Copyright **`(c)`** 2024 Giovanni Squillero `<giovanni.squillero@polito.it>`  
[`https://github.com/squillero/computational-intelligence`](https://github.com/squillero/computational-intelligence)  
Free for personal or classroom use; see [`LICENSE.md`](https://github.com/squillero/computational-intelligence/blob/master/LICENSE.md) for details.  

# Set Cover problem

See: https://en.wikipedia.org/wiki/Set_cover_problem

In [38]:
from random import random, seed
from itertools import product
import numpy as np

from icecream import ic

## Reproducible Initialization

If you want to get reproducible results, use `rng` (and restart the kernel); for non-reproducible ones, use `np.random`.

In [39]:
UNIVERSE_SIZE = 100_000
NUM_SETS = 10_000
DENSITY = 0.3

rng = np.random.Generator(np.random.PCG64([UNIVERSE_SIZE, NUM_SETS, int(10_000 * DENSITY)]))

In [40]:
# DON'T EDIT THESE LINES!

SETS = np.random.random((NUM_SETS, UNIVERSE_SIZE)) < DENSITY
for s in range(UNIVERSE_SIZE):
    if not np.any(SETS[:, s]):
        SETS[np.random.randint(NUM_SETS), s] = True
COSTS = np.pow(SETS.sum(axis=1), 1.1)

## Helper Functions

In [41]:
def valid(solution):
    """Checks wether solution is valid (ie. covers all universe)"""
    return np.all(np.logical_or.reduce(SETS[solution]))


def cost(solution):
    """Returns the cost of a solution (to be minimized)"""
    return COSTS[solution].sum()

## Have Fun!

intuition:
greedy algorthm, always add to the solution the set with best
ratio new_elements/cost until all elements are covered  

In [42]:
def greedy_set_cover(SETS, COSTS, UNIVERSE_SIZE):
    covered = np.zeros(UNIVERSE_SIZE, dtype=bool) 
    solution = []

    while not np.all(covered): 
        best_set = None
        best_ratio = -1
        
        for i, current_set in enumerate(SETS):
            if i in solution:
                continue  
            
            uncovered_elements = np.logical_and(current_set, ~covered)  # Uncovered elements in this set
            num_uncovered = np.sum(uncovered_elements)  # Count uncovered elements
            
            if num_uncovered > 0:
                ratio = num_uncovered / COSTS[i]
                if ratio > best_ratio:
                    best_ratio = ratio
                    best_set = i
        
        solution.append(best_set)
        covered = np.logical_or(covered, SETS[best_set]) 
    return solution

In [43]:
solution = greedy_set_cover(SETS,COSTS,UNIVERSE_SIZE)
valid(solution), cost(solution)

(np.True_, np.float64(1761543.6361832996))

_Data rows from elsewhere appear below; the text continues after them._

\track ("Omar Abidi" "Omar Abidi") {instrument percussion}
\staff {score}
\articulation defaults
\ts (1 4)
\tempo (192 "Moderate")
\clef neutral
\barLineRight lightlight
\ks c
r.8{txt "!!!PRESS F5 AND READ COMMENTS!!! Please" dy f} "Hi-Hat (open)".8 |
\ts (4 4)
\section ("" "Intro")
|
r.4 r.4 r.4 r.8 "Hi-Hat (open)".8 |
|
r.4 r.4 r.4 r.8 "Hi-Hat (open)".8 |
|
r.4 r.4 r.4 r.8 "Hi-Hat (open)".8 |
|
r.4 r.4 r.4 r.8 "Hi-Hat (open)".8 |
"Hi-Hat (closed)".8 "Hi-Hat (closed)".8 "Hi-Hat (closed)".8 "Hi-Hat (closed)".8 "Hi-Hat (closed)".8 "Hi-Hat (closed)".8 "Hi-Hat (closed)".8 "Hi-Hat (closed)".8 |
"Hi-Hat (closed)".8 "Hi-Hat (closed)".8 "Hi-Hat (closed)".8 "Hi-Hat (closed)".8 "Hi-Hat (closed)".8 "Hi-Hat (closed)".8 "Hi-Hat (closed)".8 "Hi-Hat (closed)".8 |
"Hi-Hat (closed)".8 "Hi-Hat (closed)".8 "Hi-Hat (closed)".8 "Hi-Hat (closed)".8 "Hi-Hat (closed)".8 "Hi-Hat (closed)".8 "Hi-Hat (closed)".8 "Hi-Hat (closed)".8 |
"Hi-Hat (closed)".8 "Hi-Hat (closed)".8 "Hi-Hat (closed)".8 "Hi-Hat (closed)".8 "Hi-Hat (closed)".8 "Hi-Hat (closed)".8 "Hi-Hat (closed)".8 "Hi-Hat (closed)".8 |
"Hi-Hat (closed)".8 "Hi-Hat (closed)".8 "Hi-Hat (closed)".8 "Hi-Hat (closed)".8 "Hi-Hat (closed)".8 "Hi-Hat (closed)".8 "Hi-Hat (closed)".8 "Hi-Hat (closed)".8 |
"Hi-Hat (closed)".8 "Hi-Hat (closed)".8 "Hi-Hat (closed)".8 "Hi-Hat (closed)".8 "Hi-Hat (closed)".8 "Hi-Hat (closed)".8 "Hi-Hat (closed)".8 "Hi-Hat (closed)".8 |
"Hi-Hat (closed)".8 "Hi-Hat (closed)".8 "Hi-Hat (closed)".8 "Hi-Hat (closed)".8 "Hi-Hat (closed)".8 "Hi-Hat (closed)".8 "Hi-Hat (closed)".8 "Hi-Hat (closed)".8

| UNIVERSE_SIZE | NUM_SETS | DENSITY  |  COST  |
|---------------|----------|----------|--------|
| 100 | 10 |0.2 | 293 |
| 1000 | 100 | 0.2 |  5795 | 
| 10_000 | 1000 | 0.2 | 101306 | 
| 100_000 | 10_000 | 0.1 | 1_528_829 | 
| 100_000 | 10_000 | 0.2 |  1_ 720_509  |  
| 100_000 | 10_000 | 0.3 | 1_761_543 |